GRESIK – Beberapa pemilik kapling tanah di Jl Dr Wahidin Shd Desa Kembangan kaget dan resah, pasalnya tanah kapling yang sudah ada sertifikat hak milik tiba tiba di ratakan dengan alat berat dan diuruk dengan galian C.
Menurut salah satu pemilik tanah kapling, Bpk Tekad menuturkan saat itu tgl 7 Oktober 2020 jelang Magrib , dia mendatangi rumah anaknya yang kebetulan terletak dekat dengan tanah kapling, dan ada 1 buldoser yang meratakan tanah.
Saat itu juga mendatangi sopir buldoser dan orang yang bergerombol dilokasi tersebut, dan dikatakan kalau tanah kapling miliknya.
“Ini kan tanah kapling milik saya, dan sertipikat hak milik juga ada,” jelas Tekat kepada sopir buldoser dan termasuk orang yang bergerombol tersebut.
Seketika sopir buldoser menelpon orang yang menyuruh, dan ketika orang menyuruh ratakan dengan alat berat itu bertanya kepada Tekat terkait surat kepemilikan tanah.
” Saya langsung pulang. dan tak bawakan copy sertipikat hak milik tanah kaplingan ini, seketika utusan kantor PT Kohir yang ditengarai bernama pak Abdullah , berjanji akan segera mengabari, namun hingga hari ini belum ada telpon atau datang ke rumah,” papar Tekad.
Beberapa pemilik kapling yang berkisar 30 bidang, segera dikontak untuk memberi kabar terkait ada orang atau lembaga yang menyerobot tanah kapling milik mereka.
H Iskandar yang mempunyai tanah seluas 115 meter persegi, juga segera merapatkan barisan bersama beberapa nsma pemilik tanah kapling, antara lain : Fajar 70 m dan 72 m, Mustalik 72 m, H Udin 1.425 m, Nurma 126 m.
” Meski kami sendiri sendiri, namun sudah sepakat dalam satu kata, dan begitu Senin sore kami berkordinadi dengan pihak Polres Gresik, malam itu juga alat berat sudah dipindahkan dari lokasi tersebut, dan orang yang menguruk lahan adalah anak dari pejabat penting,” jelasnya.

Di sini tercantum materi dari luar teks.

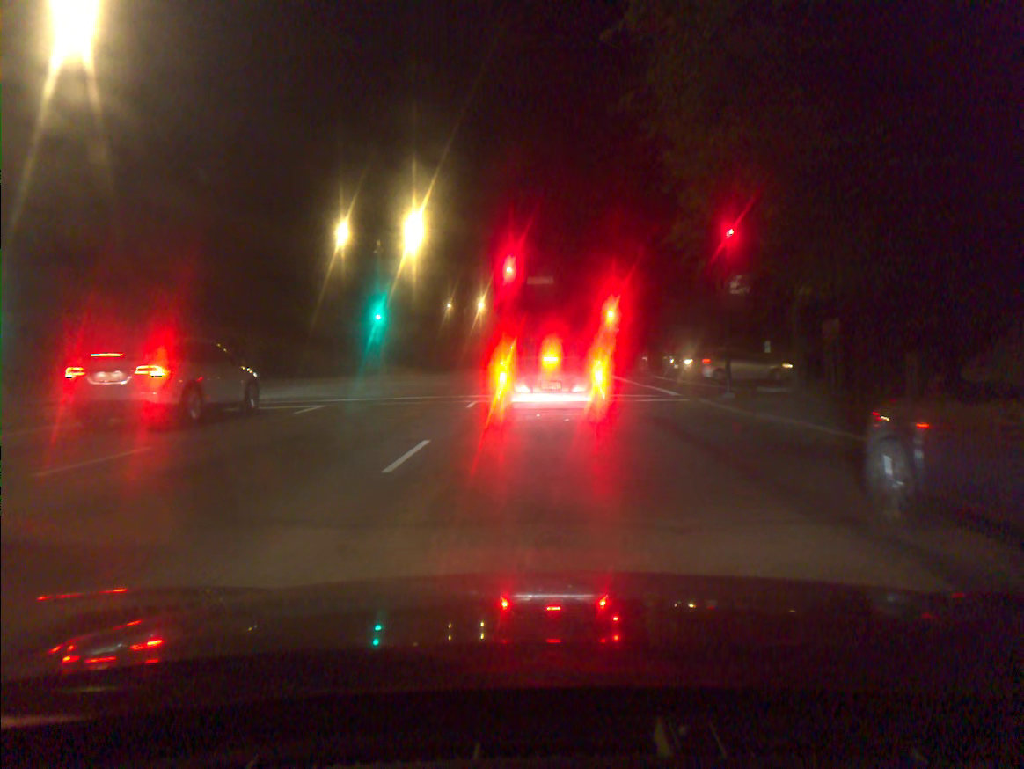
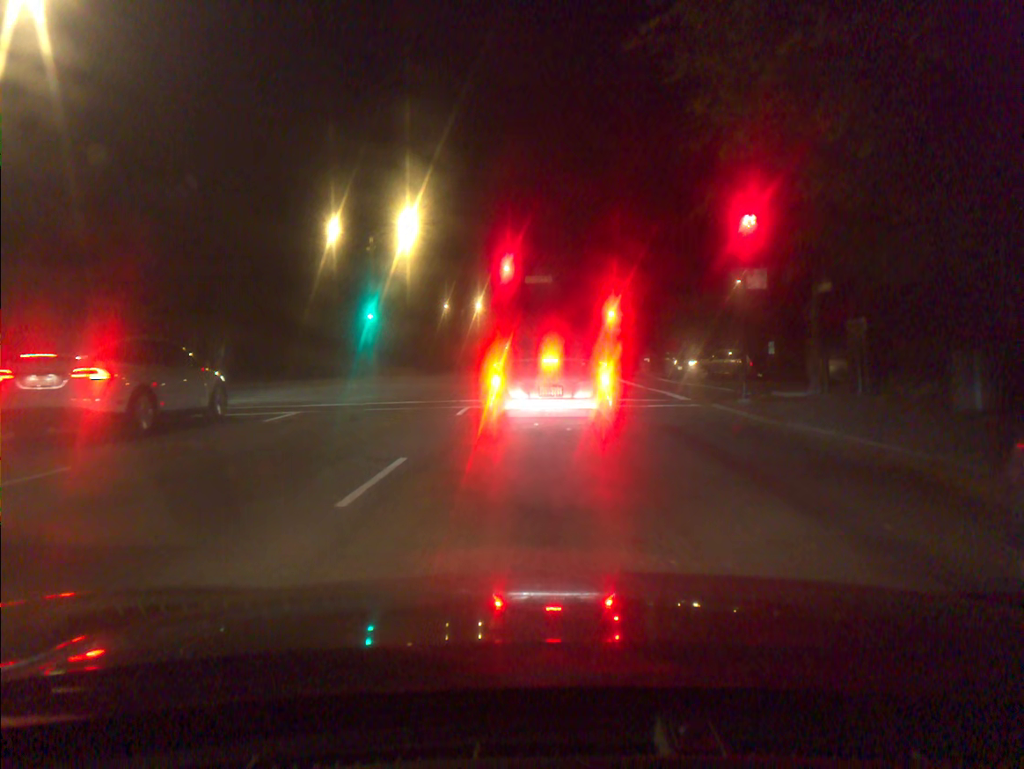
(0.0, +1.8) m; 0°
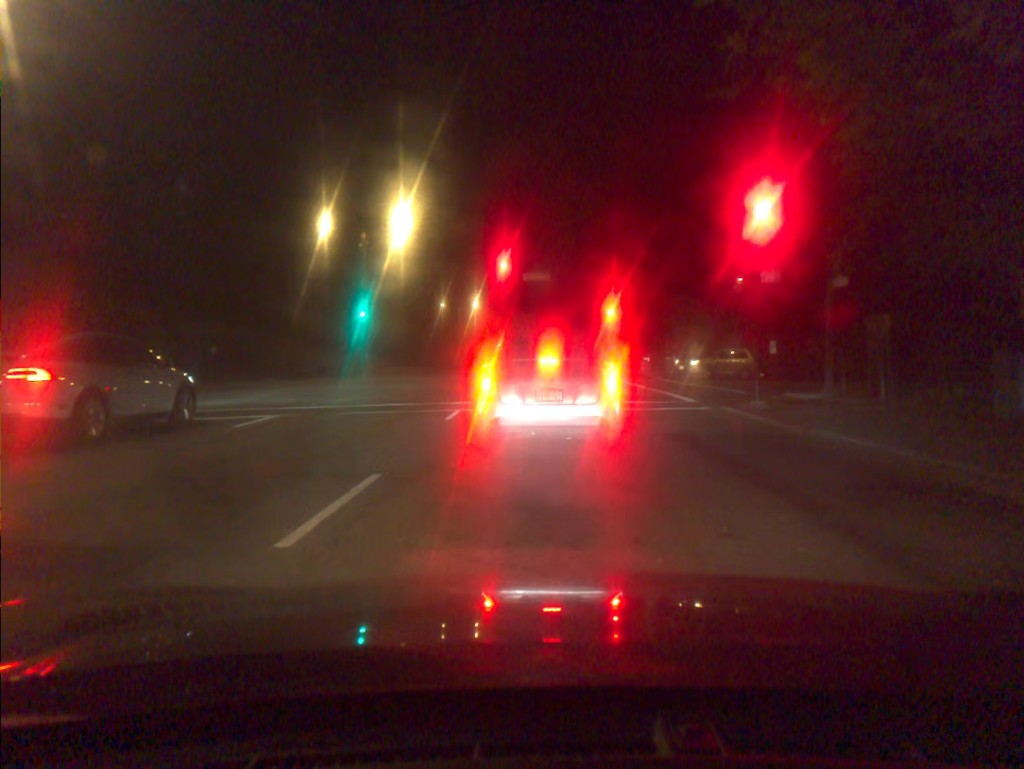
(0.0, +1.4) m; 0°
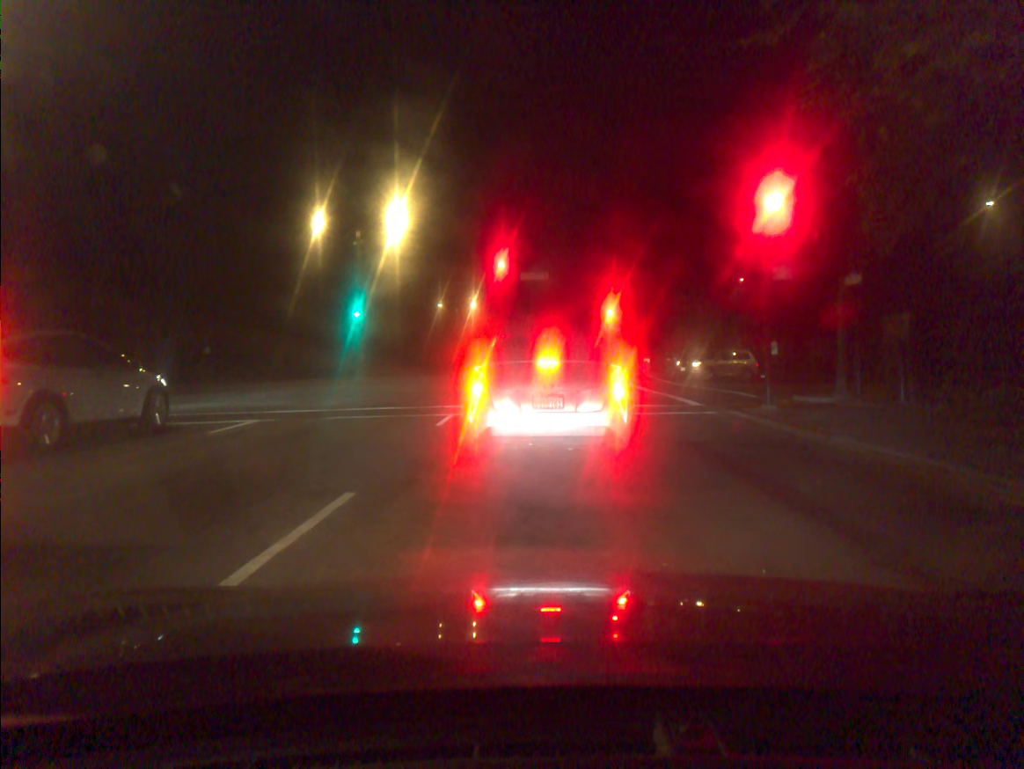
(0.0, +1.0) m; -1°

Selasa ( 13/10)
Yang pasti, pihak pemilik kapling tanah tidak menghendaki ada cekcok, dan hak kepemilikan serta penguasaan tanah tetap pada dirinya. Sejak Selasa pagi, terlihat 4 pemilik kapling yang mempekerjakan beberapa tenaga untuk membuat pondasi dari batu di tanah kapling miliknya yang sudah diratakan dan diuruk. Hingga berita ini diturunkan pihak PT.Kohir belum dapat dikonfirmasi.